PPS. For some reason, my efforts to reduce the font in the table are unsuccessful. Since we are close to 100 participants now, I need to find a better way for you guys to visualize these results. May be a slice at one time.

Harappa Nearest IBS Presentation

Since Dodecad posted nearest IBS (identity by state) neighbors, I have had requests to do the same for Harappa participants.

I have the data ready but I am not sure how to present it. I don't want to post an R object since I suspect most of you don't have it installed.

The idea is to give you a list of your closest IBS neighbors as well as your match percentage with them. How would you present that that for 90 people who might match any of several hundred (thousand?) reference samples too? Give me some ideas.

Reference 3 Admixture Data

Onur asked:

BTW, Zack, are you planning to publish (in this blog or in a medium like Rapidshare) the ADMIXTURE results of the reference populations on an individual by individual basis like Dienekes?
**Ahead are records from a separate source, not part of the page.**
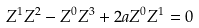<formula> <loc_0><loc_0><loc_500><loc_500>Z ^ { 1 } Z ^ { 2 } - Z ^ { 0 } Z ^ { 3 } + 2 a Z ^ { 0 } Z ^ { 1 } = 0</formula> 
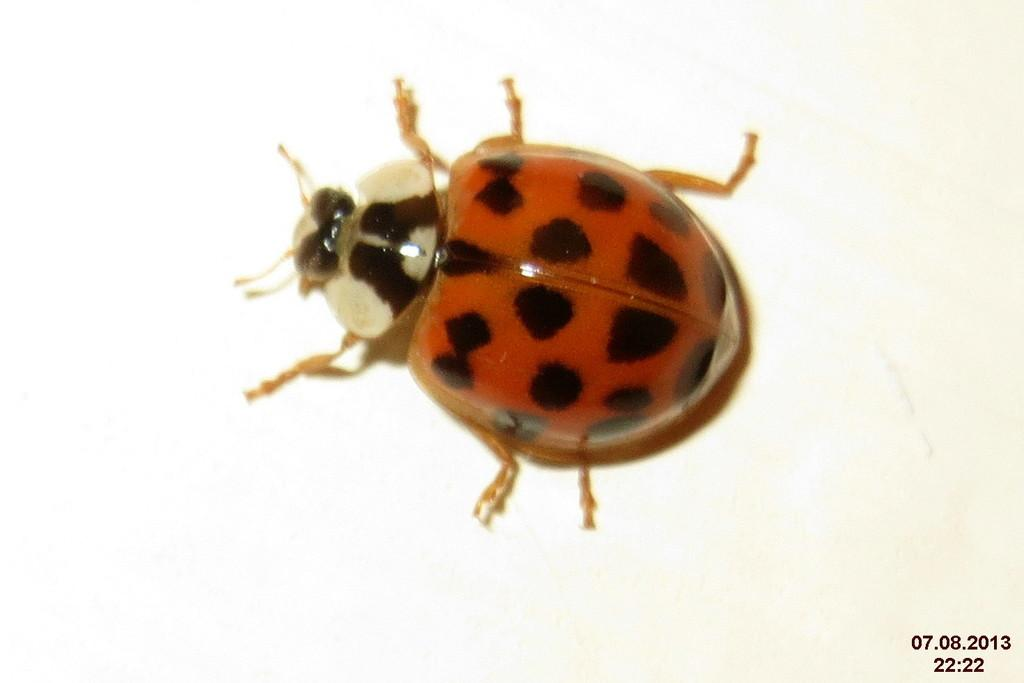What type of creature is in the picture? There is an insect in the picture. What colors can be seen on the insect? The insect has red and black colors. Where is the insect located in the image? The insect is on the floor. What color is the floor in the image? The floor is white in color. What type of shoes can be seen on the insect in the image? There are no shoes present on the insect in the image. Is the insect visible during the night in the image? The time of day is not mentioned in the image, so it cannot be determined if the insect is visible during the night. 
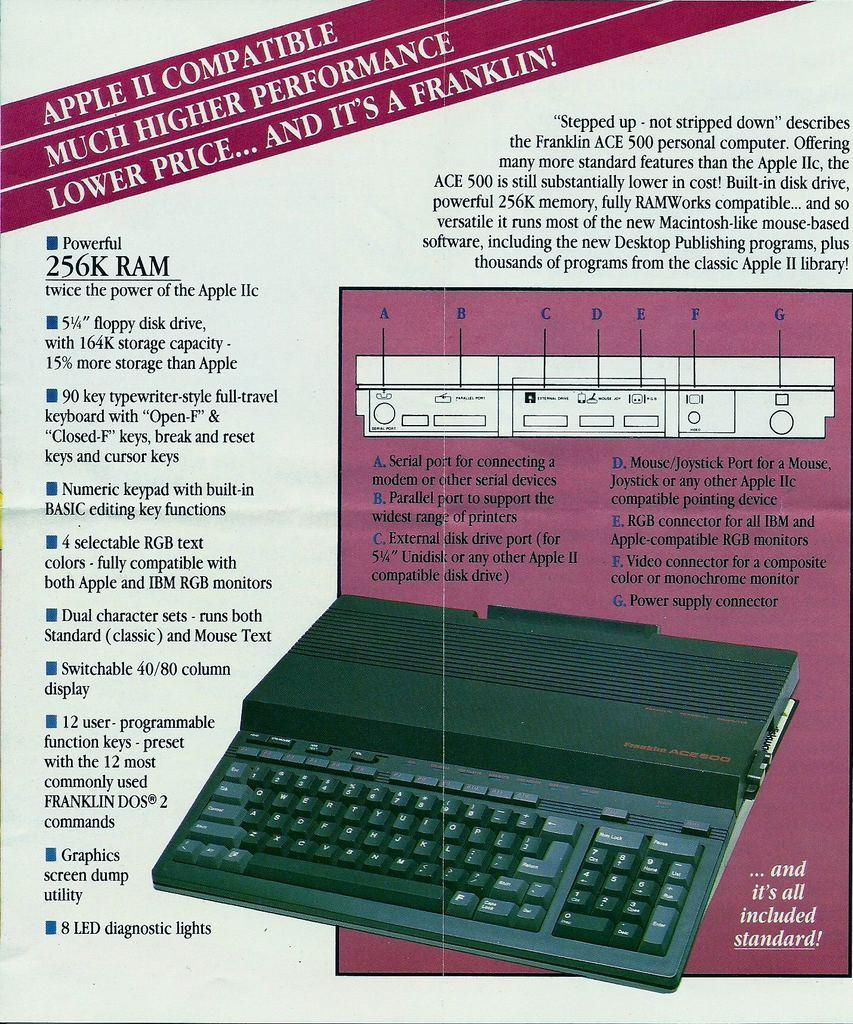<image>
Provide a brief description of the given image. the name Franklin is on the purple part of the paper 
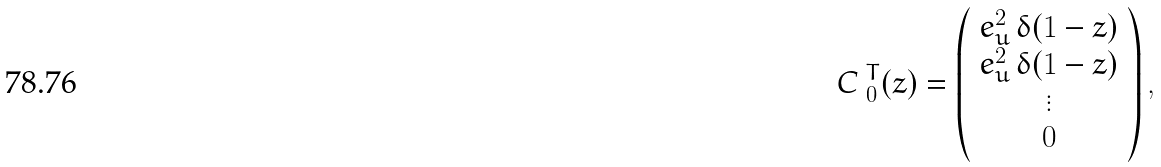<formula> <loc_0><loc_0><loc_500><loc_500>\emph { C } _ { 0 } ^ { T } ( z ) = \left ( \begin{array} { c } e _ { u } ^ { 2 } \, \delta ( 1 - z ) \\ e _ { u } ^ { 2 } \, \delta ( 1 - z ) \\ \vdots \\ 0 \\ \end{array} \right ) ,</formula> 
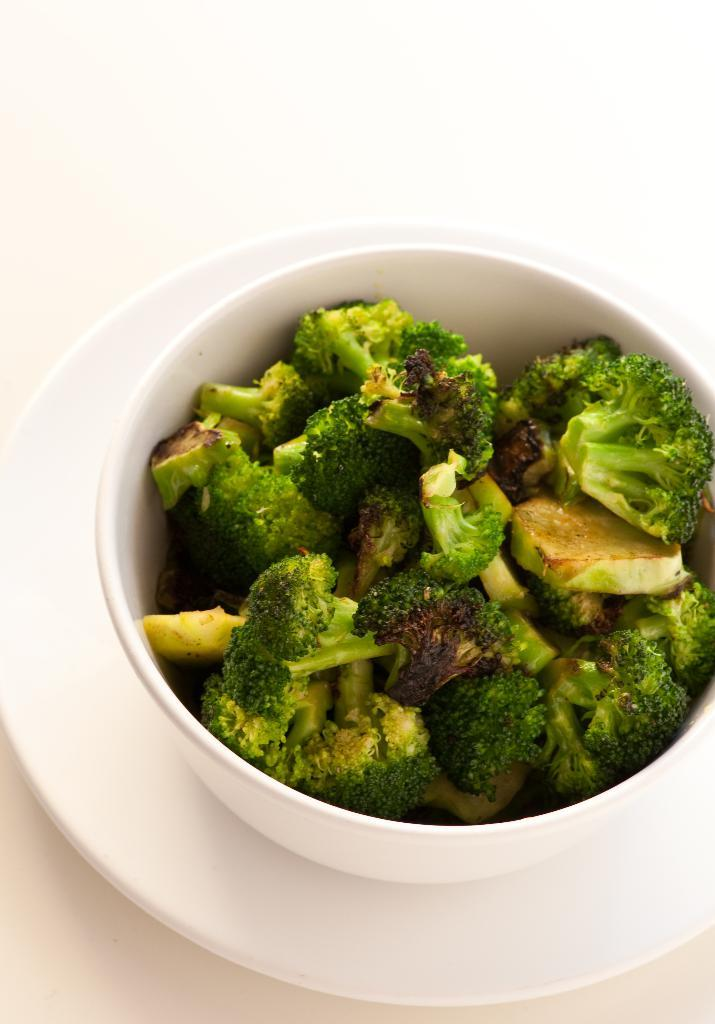What is in the bowl that is visible in the image? There is a bowl with broccoli in the image. What other dishware can be seen in the image? There is a plate in the image. What color is the background of the image? The background of the image is white. What type of silver object can be seen in the image? There is no silver object present in the image. How many circles are visible in the image? There are no circles visible in the image. 
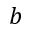<formula> <loc_0><loc_0><loc_500><loc_500>b</formula> 
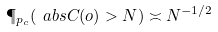Convert formula to latex. <formula><loc_0><loc_0><loc_500><loc_500>\P _ { p _ { c } } ( \ a b s { C ( o ) } > N ) \asymp N ^ { - 1 / 2 }</formula> 
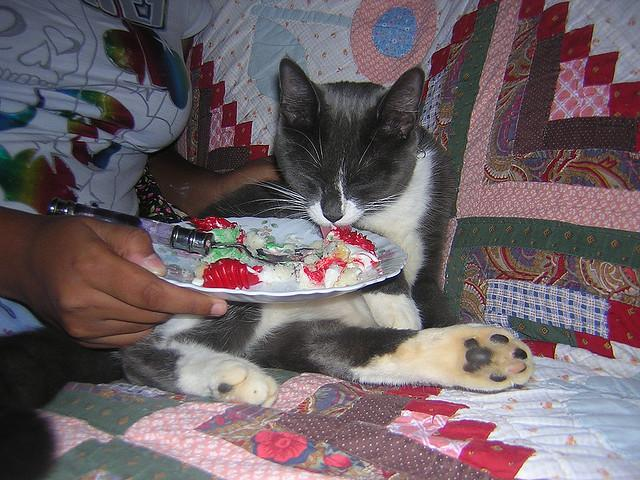How many toes does cats are supposed to have? four

So, I have uploaded a zip file which contains admixture results from K=2 to K=17 for all individual samples in the Reference 3 dataset. Do note that K=14 had the lowest crossvalidation error and I actually prefer even lower values of K.

I have plotted the population averages on the blog but this contains the individual level data. There are two files for each value of K. One is ref3.K.Q which has the admixture proportions for each individual. The other is ref3.K.F which has the allele frequencies for the inferred ancestral components. I haven't been able to look at the allele frequency files at all, so if you find anything interesting there, do let me know.

There is also a info file (

ref3_info.csv

) in the archive which has the information about the samples in the same order as their results are listed in the admixture output.